■ Exercise prompt
Could you repeat the listing exactly, leaving out the pictures?

[Opening Data below section]

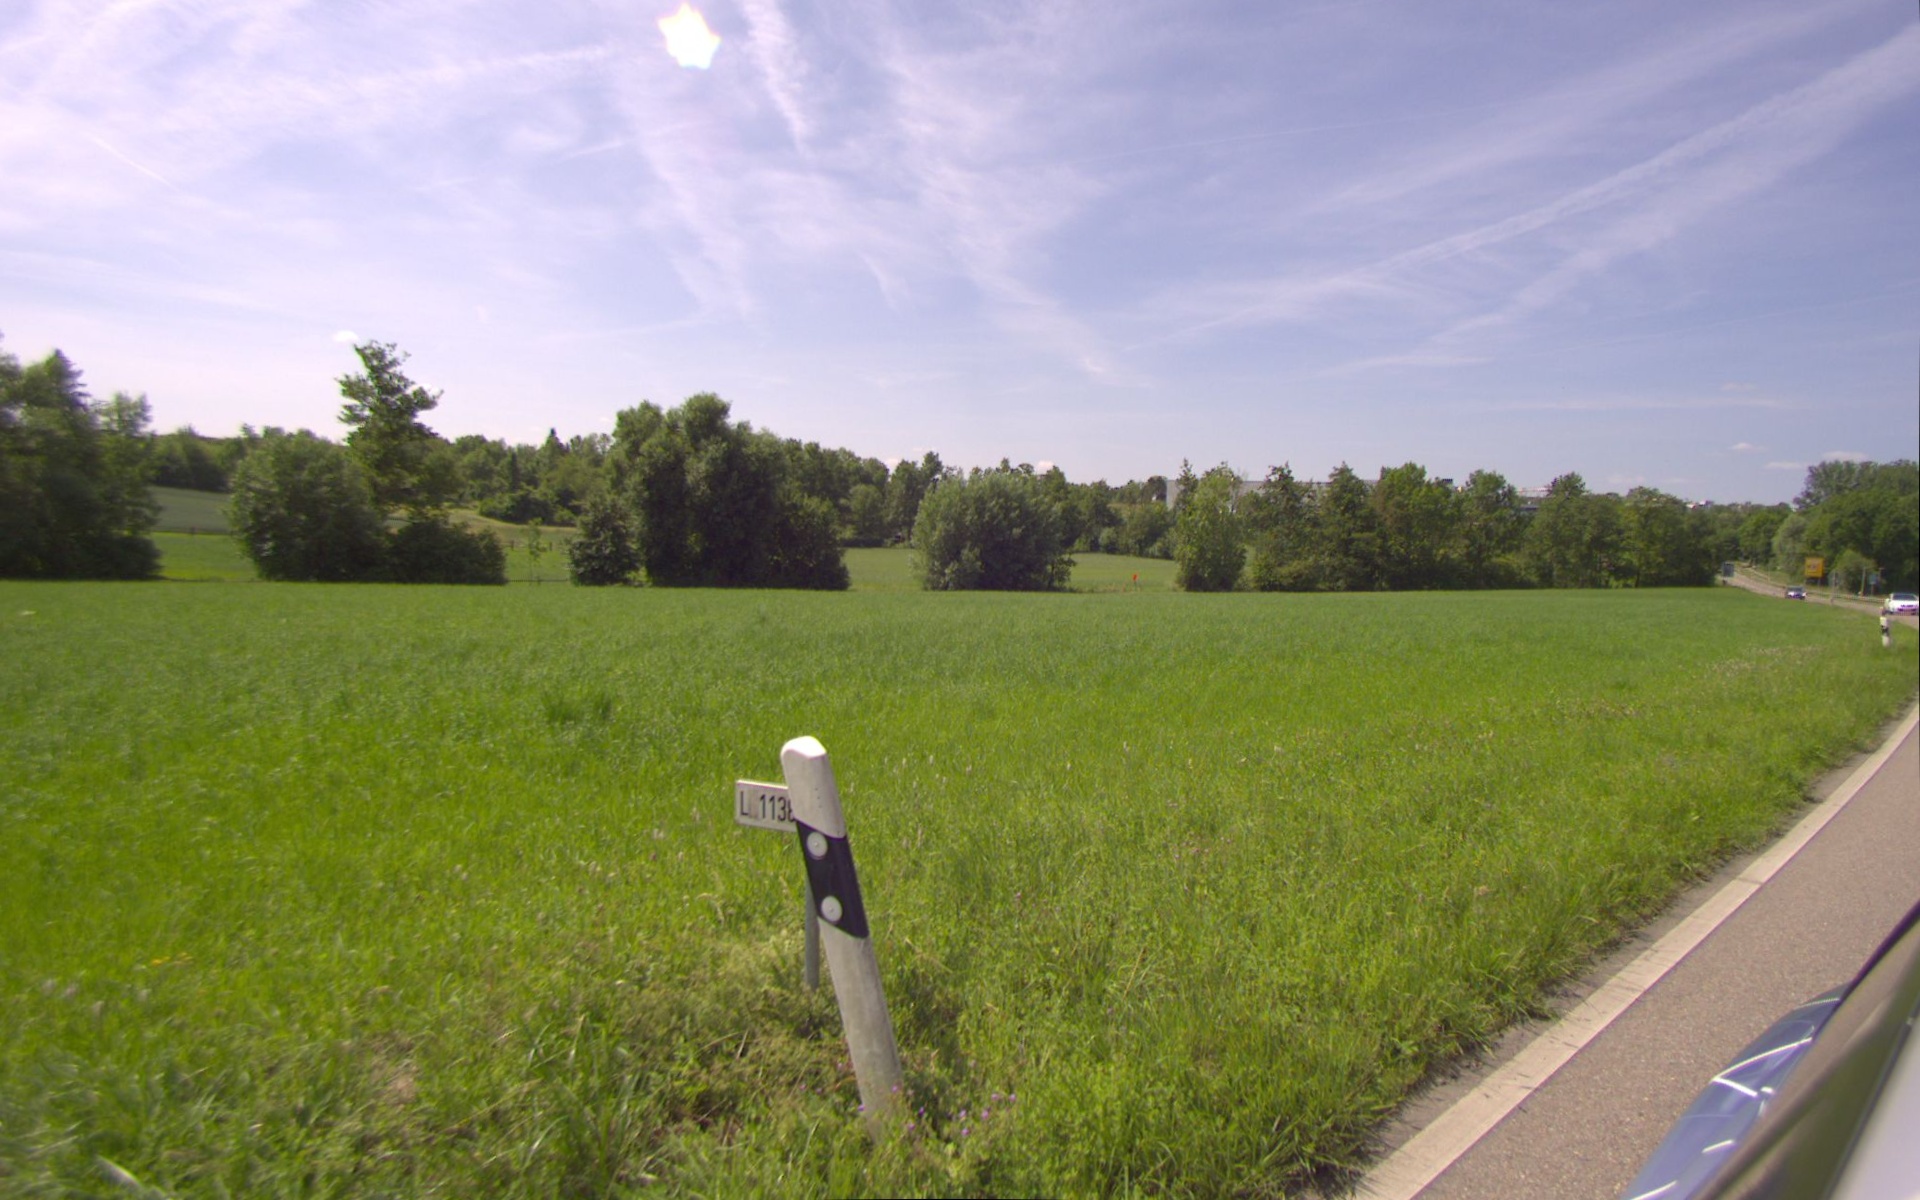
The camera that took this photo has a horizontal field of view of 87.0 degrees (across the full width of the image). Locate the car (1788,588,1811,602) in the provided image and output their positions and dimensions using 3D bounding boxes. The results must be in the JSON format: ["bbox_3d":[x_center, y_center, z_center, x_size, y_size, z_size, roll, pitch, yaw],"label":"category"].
[{"bbox_3d":[103.734,-0.631,125.088,1.990,1.604,3.944,3,2,38],"label":"car"}]

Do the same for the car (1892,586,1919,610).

[Closing Data below section]

■ Finished task
The camera that took this photo has a horizontal field of view of 87.0 degrees (across the full width of the image). Locate the car (1788,588,1811,602) in the provided image and output their positions and dimensions using 3D bounding boxes. The results must be in the JSON format: ["bbox_3d":[x_center, y_center, z_center, x_size, y_size, z_size, roll, pitch, yaw],"label":"category"].
[{"bbox_3d":[103.734,-0.631,125.088,1.990,1.604,3.944,3,2,38],"label":"car"}]

Do the same for the car (1892,586,1919,610).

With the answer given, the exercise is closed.